单选题 (共 15 题 ),每题只有一个选项正确
若 $\lim _{x \rightarrow 0} \frac{\sin 6 x+x f(x)}{x^3}=0$ ,则 $\lim _{x \rightarrow 0} \frac{6+f(x)}{x^2}$ 为
$\text{A.}$ 0
$\text{B.}$ 6
$\text{C.}$ 36
$\text{D.}$ $\infty$
设 $0 < a < b$ ,则 $\lim _{n \rightarrow \infty}\left(a^{-n}+b^{-n}\right)^{\frac{1}{n}}=$
$\text{A.}$ $a$
$\text{B.}$ $a^{-1}$
$\text{C.}$ $b$
$\text{D.}$ $b^{-1}$
极限 $\lim _{x \rightarrow \infty}\left[\frac{x^2}{(x-a)(x+b)}\right]^x$
$\text{A.}$ 1
$\text{B.}$ $e$
$\text{C.}$ $e^{a-b}$
$\text{D.}$ $e^{b-a}$
1、若 $\lim _{x \rightarrow 0}\left[\frac{1}{x}-\left(\frac{1}{x}-a\right) e^x\right]=1$ ,则 $a$ 等于
$\text{A.}$ 0
$\text{B.}$ 1
$\text{C.}$ 2
$\text{D.}$ 3
已知极限 $\lim _{x \rightarrow 0} \frac{x-\arctan x}{x^k}=c$ ,其中 $k, c$ 为常数, $c \neq 0$ ,则
$\text{A.}$ $k=2, c=-\frac{1}{2}$
$\text{B.}$ $k=2, c=\frac{1}{2}$
$\text{C.}$ $k=3, c=-\frac{1}{3}$
$\text{D.}$ $k=3, c=\frac{1}{3}$
设函数 $f(x)=\arctan x$ ,若 $f(x)=x f^{\prime}(\xi)$ ,则 $\lim _{x \rightarrow 0} \frac{\xi^2}{x^2}=$
$\text{A.}$ 1
$\text{B.}$ $\frac{2}{3}$
$\text{C.}$ $\frac{1}{2}$
$\text{D.}$ $\frac{1}{3}$
若 $\lim _{x \rightarrow 0}\left(e^x+a x^2+b x\right)^{\frac{1}{2}}=1$ ,则
$\text{A.}$ $a=\frac{1}{2}, b=-1$
$\text{B.}$ $a=-\frac{1}{2}, b=-1$
$\text{C.}$ $a=\frac{1}{2}, b=1$
$\text{D.}$ $a=-\frac{1}{2}, b=1$
设当 $\Delta x \rightarrow 0$ 时, $\alpha$ 是 $\Delta x$ 的高阶无穷小,已知函数 $y=x^2 \ln x$ 在任意点 $x$ 处的增量 $\Delta y=$ $\varphi\left(\frac{1}{\ln x}\right) \Delta x+\alpha$, 则 $\varphi(u)=(\quad)$
$\text{A.}$ $(2 u+1) e^u$.
$\text{B.}$ $(2 u-1) e^u$.
$\text{C.}$ $\left(\frac{2}{u}+1\right) \mathrm{e}^{\frac{1}{u}}$.
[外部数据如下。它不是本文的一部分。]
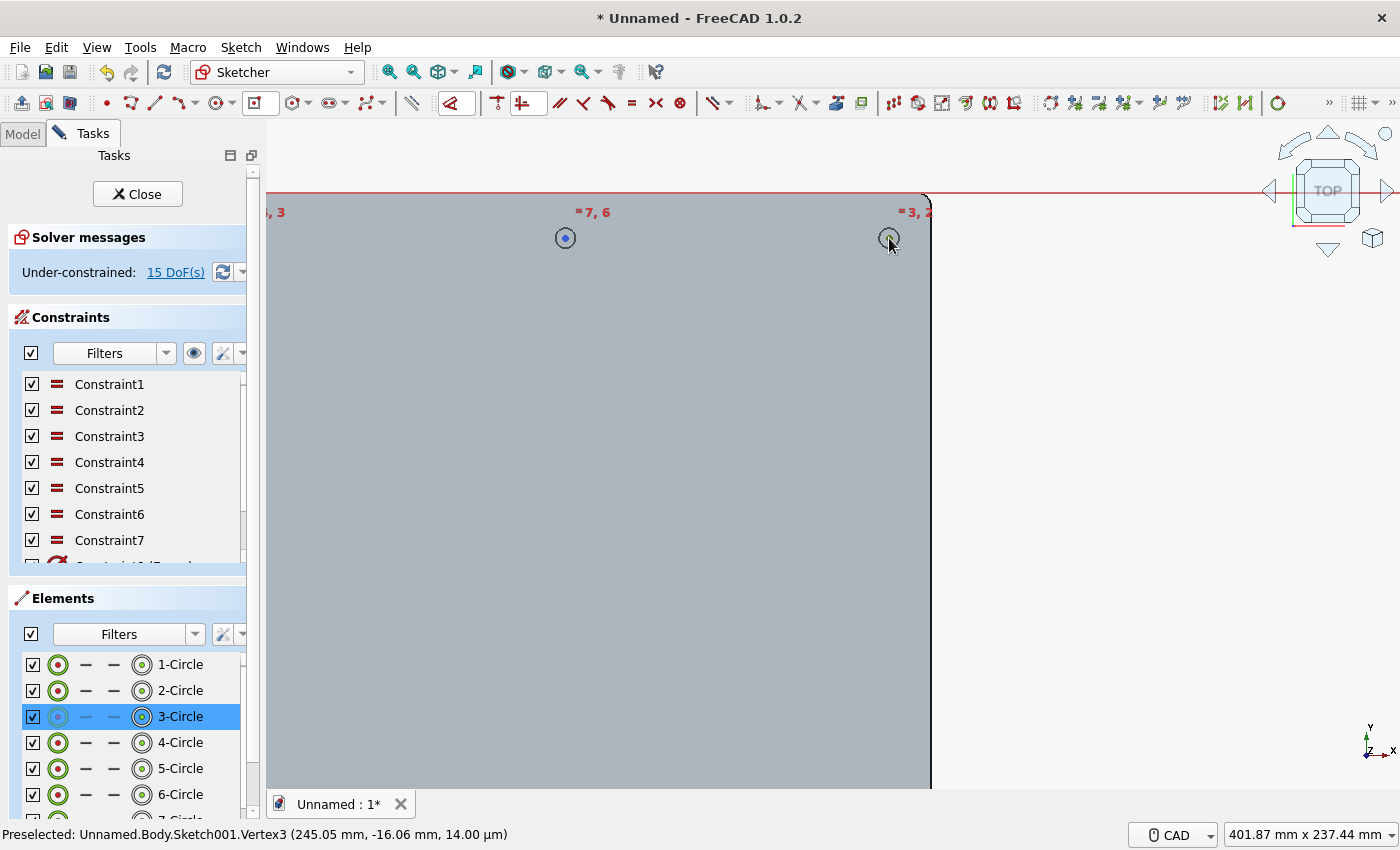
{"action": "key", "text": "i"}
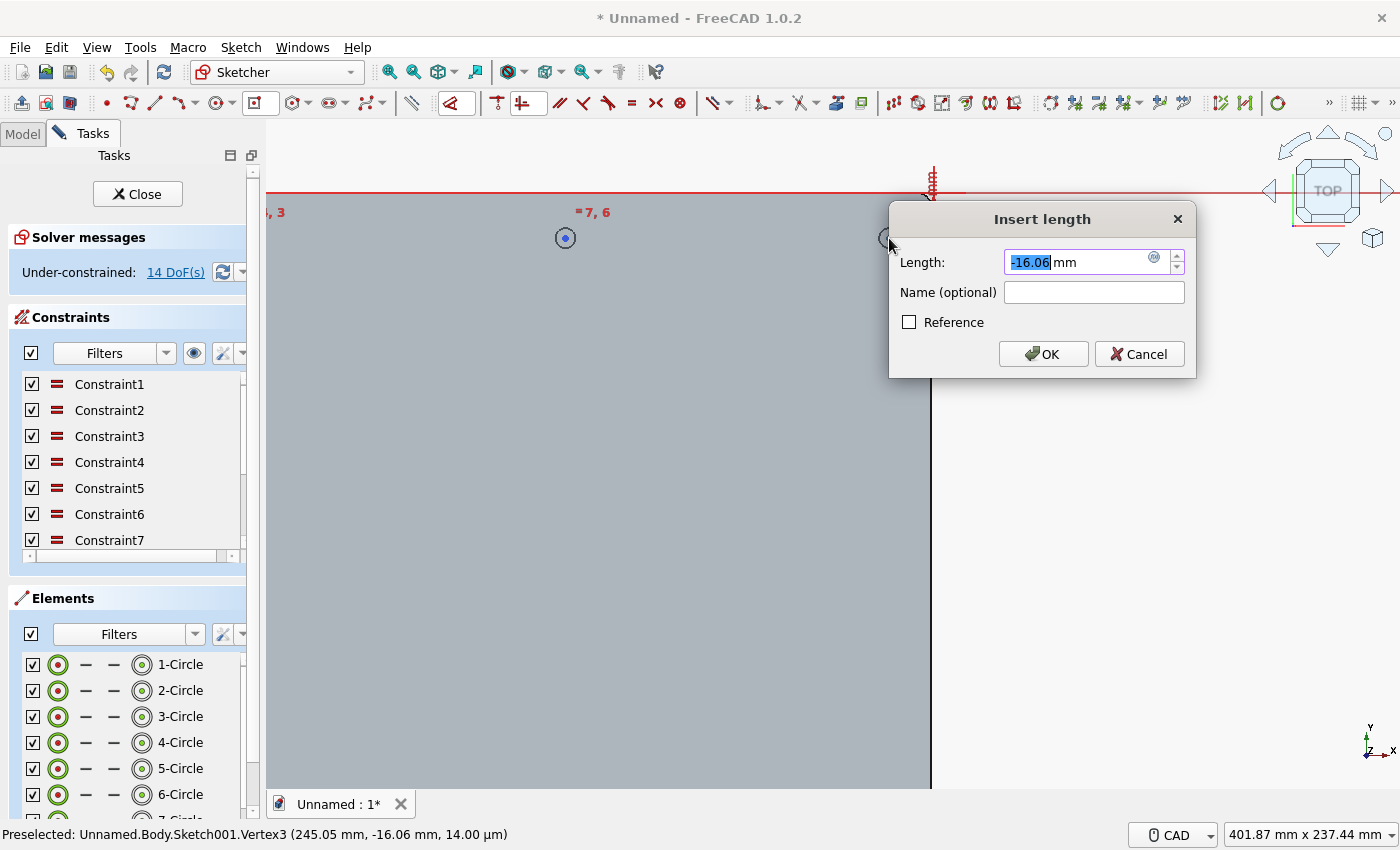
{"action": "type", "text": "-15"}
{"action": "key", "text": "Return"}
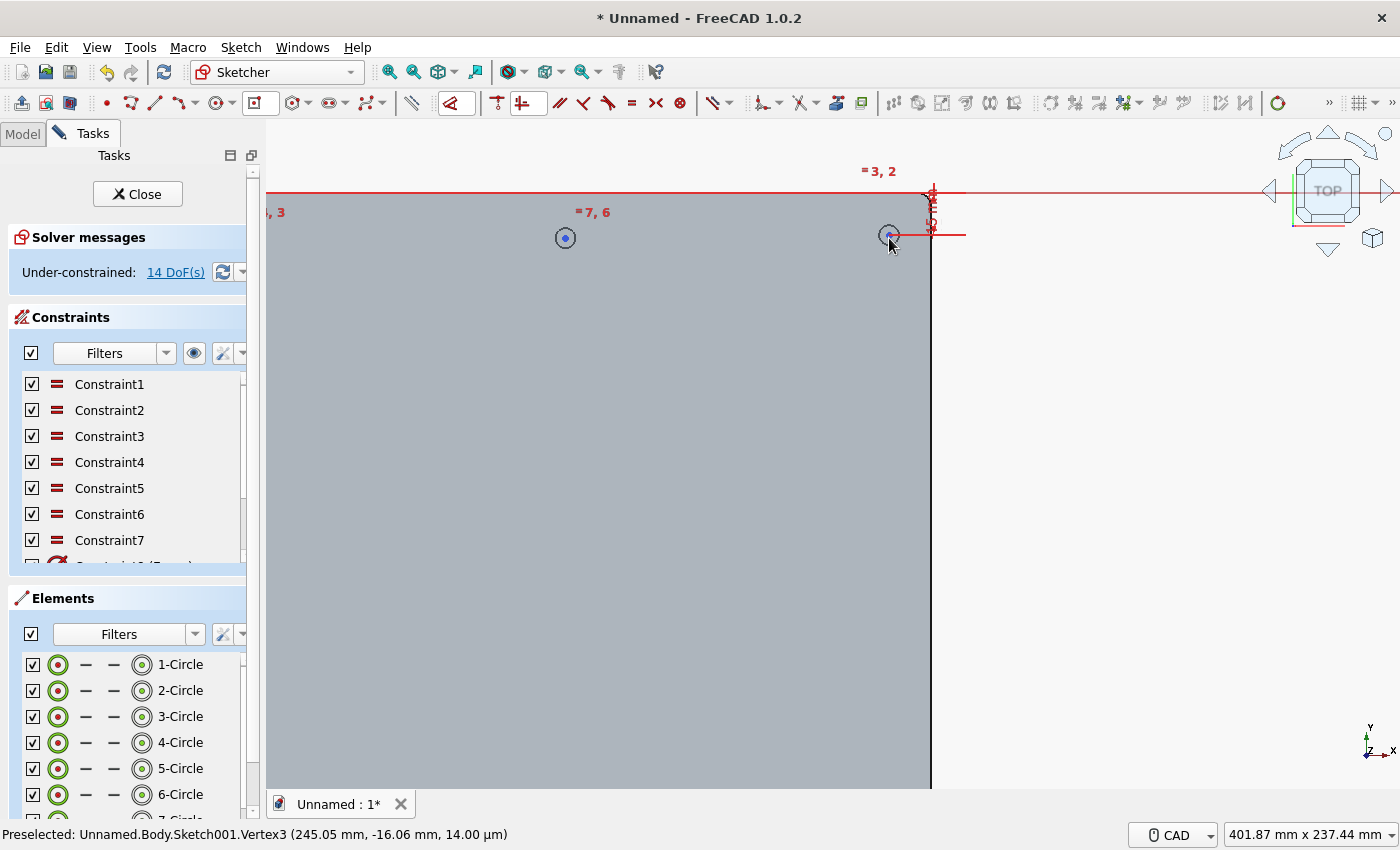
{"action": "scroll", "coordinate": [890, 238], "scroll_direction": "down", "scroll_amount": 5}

$\text{D.}$ $\left(\frac{2}{u}-1\right) \mathrm{e}^{\frac{1}{u}}$.
(1) 设 $f(x)$ 满足 $\lim _{x \rightarrow 0} \frac{\sqrt{1+f(x) \sin 2 x}-1}{e^{x^2}-1}=1$, 则( )
$\text{A.}$ $f(0)=0$
$\text{B.}$ $\lim _{x \rightarrow 0} f(x)=0$
$\text{C.}$ $f^{\prime}(0)=1$
$\text{D.}$ $\lim _{x \rightarrow 0} f^{\prime}(x)=1$
若 $\lim _{n \rightarrow \infty} \frac{n^a}{(n+1)^b-n^b}=2022$, 则
$\text{A.}$ $a=-\frac{2021}{2022}, b=\frac{1}{2022}$.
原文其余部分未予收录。